特に富んだ変化に乏しい、平常。
仕事にも大した気力を要さずに、時間が過ぎるのをただぼんやりと見ていた。
勿論手元の書類を疎かにしているわけではないが、迫る予定に気だけが逸る。
今日は…久しぶりに、夕方からの演奏を依頼されていた。勿論正式な仕事ではなく、行きつけの飲み屋に誘われた程度のものだが、依頼されたからにはプロとしての誇りを以て誰もが納得のいくものを弾いてみせたかった。昨日の指慣らしの時点では特に問題は見られなかったが、何かがひっかかっているように釈然としない。…何か、足りないのか多いのか。まだそれは解決せずに腹の中で燻っている。

…幸い、今日のノルマは少なかった。
徐にディスプレイを立ち上げる。そうして、早めに仕事を終わらせるべく作業に集中した。





気がつくと、外は雨が降りはじめていた。一段落ついた仕事を仕分けして封筒に入れ、さらにそれを纏めたら今日のノルマは終了だ。それらを机の脇に積み、水が窓を弾く音を聴きながら、茶でも飲もうかと、椅子を立ち備え付けの給湯室へと向かった。

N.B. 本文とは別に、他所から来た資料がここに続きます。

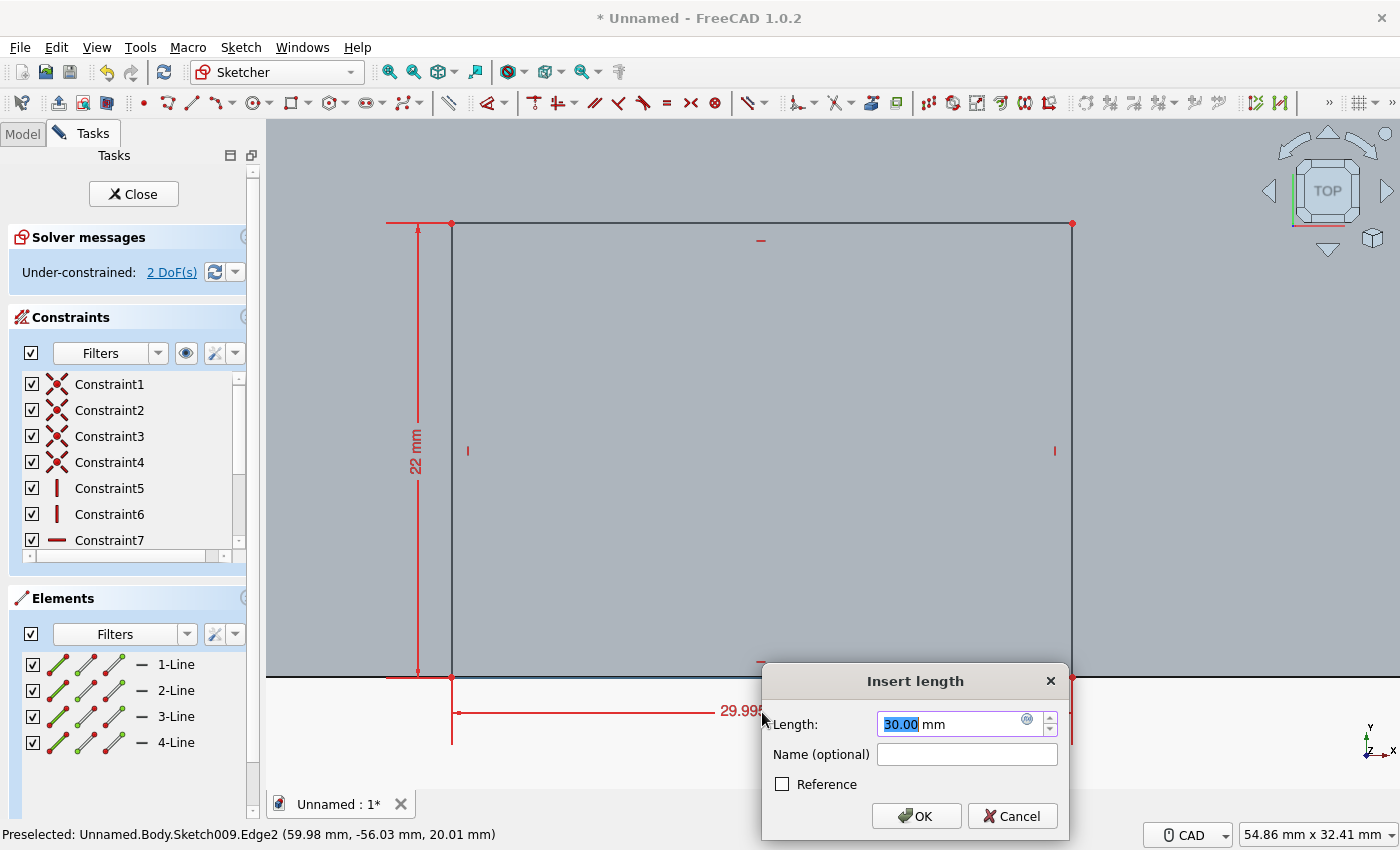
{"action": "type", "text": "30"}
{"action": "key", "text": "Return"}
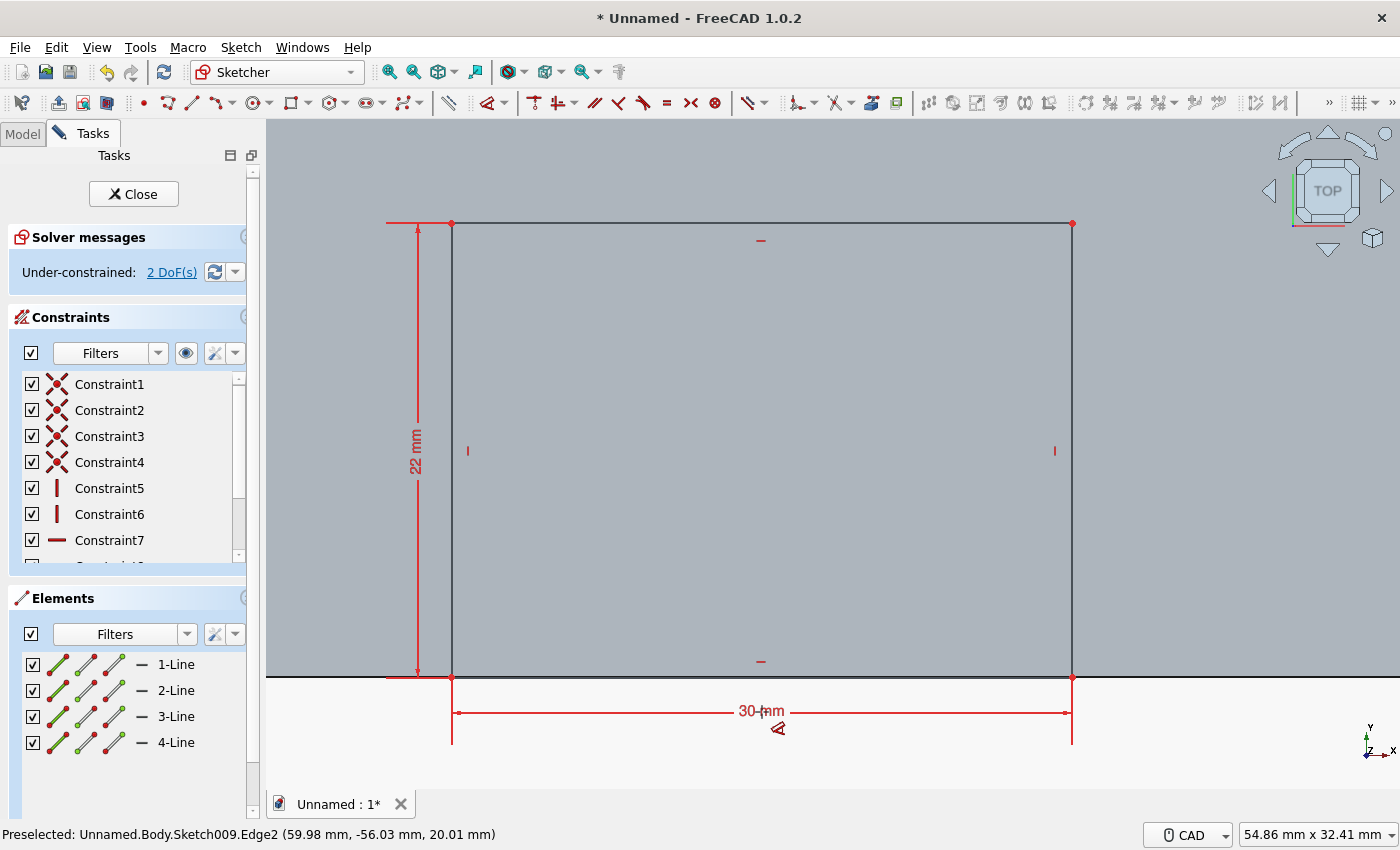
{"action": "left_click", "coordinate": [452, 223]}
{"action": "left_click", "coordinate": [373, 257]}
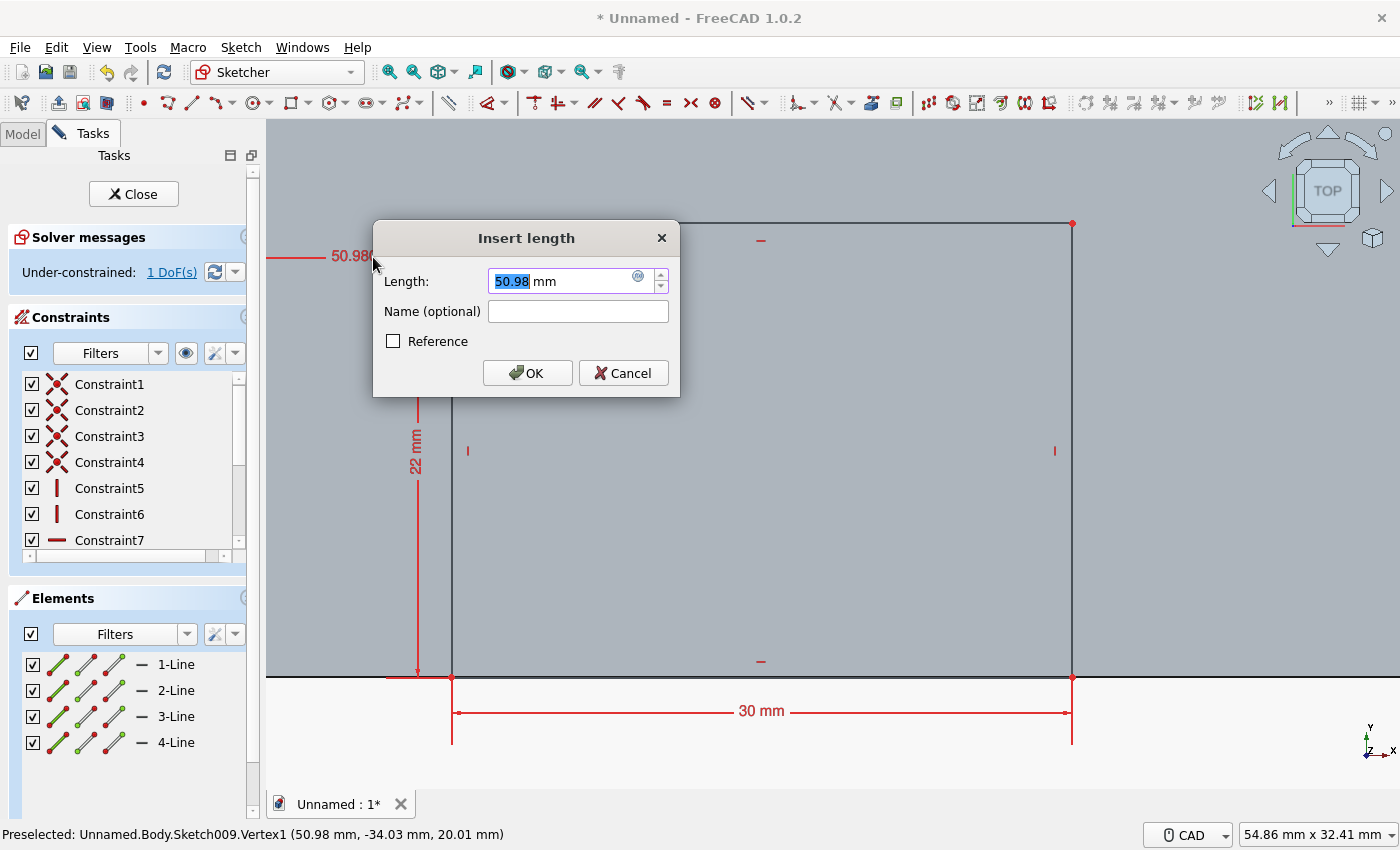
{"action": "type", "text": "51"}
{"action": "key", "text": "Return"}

淹れる紅茶の選択を迷っていると、先程まで自分のいた部屋から聞き慣れた、圧迫感のある声が耳に届いた。
「カモミール」
こうした神出鬼没な登場も慣れているから、大して驚くこともなく大学の先輩でありこの会社の社長である彼―ポップンパーティーでは確かMZDと名乗っていたか―を振り向きもせずに、名指しされた茶缶に手を伸ばした。
「…癒しをお求めですか?先輩」
「なんとなくだよ、なんとなく」
そんな意味もない会話を作業の片手間にやりとりし、淹れ終わったポットとティーカップを2つトレイに乗せて給湯室を出ると予想通りの姿が見えた。
相変わらず派手な配色のTシャツに身を包み、室内だというのに深く被ったニット帽の下のサングラス越しにこちらに視線を送り片手をあげるその姿は、いかにも『事務所』のようなこの部屋には不釣り合い過ぎる。
当然のように片隅にあるソファに腰を落ち着けていて、さらに早く来いと顎で促してくる。そんな横柄な態度に慣れた自分もどうかとは思うのだが、いちいち目くじらを立てていてもキリがないので敢えて何も口に出さず、彼の目の前のテーブルに茶の用意を始めた。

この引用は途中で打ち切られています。